== Data shown ==

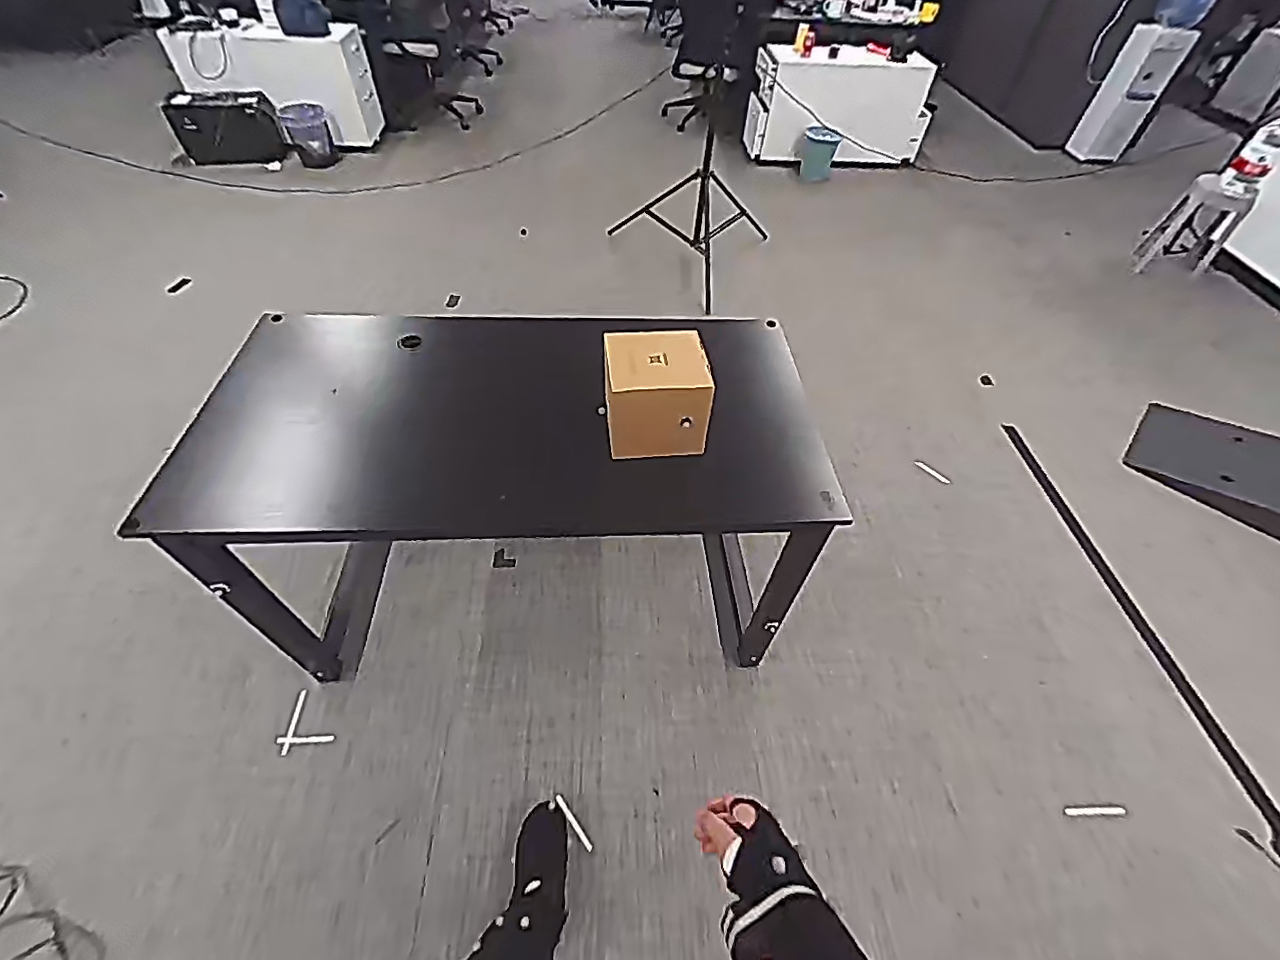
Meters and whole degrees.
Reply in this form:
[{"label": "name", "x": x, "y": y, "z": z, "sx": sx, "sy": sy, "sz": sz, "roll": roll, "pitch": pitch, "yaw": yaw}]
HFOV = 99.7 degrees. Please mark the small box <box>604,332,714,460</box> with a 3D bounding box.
[{"label": "small box", "x": 0.027, "y": -0.154, "z": 1.008, "sx": 0.179, "sy": 0.176, "sz": 0.168, "roll": -5, "pitch": 50, "yaw": -5}]

===

Work item
The result should be an exact retyped version of all the entries above, containing no pictures.

Answer section
Meters and whole degrees.
Reply in this form:
[{"label": "name", "x": x, "y": y, "z": z, "sx": sx, "sy": sy, "sz": sz, "roll": roll, "pitch": pitch, "yaw": yaw}]
HFOV = 99.7 degrees. Please mark the small box <box>604,332,714,460</box> with a 3D bounding box.
[{"label": "small box", "x": 0.027, "y": -0.154, "z": 1.008, "sx": 0.179, "sy": 0.176, "sz": 0.168, "roll": -5, "pitch": 50, "yaw": -5}]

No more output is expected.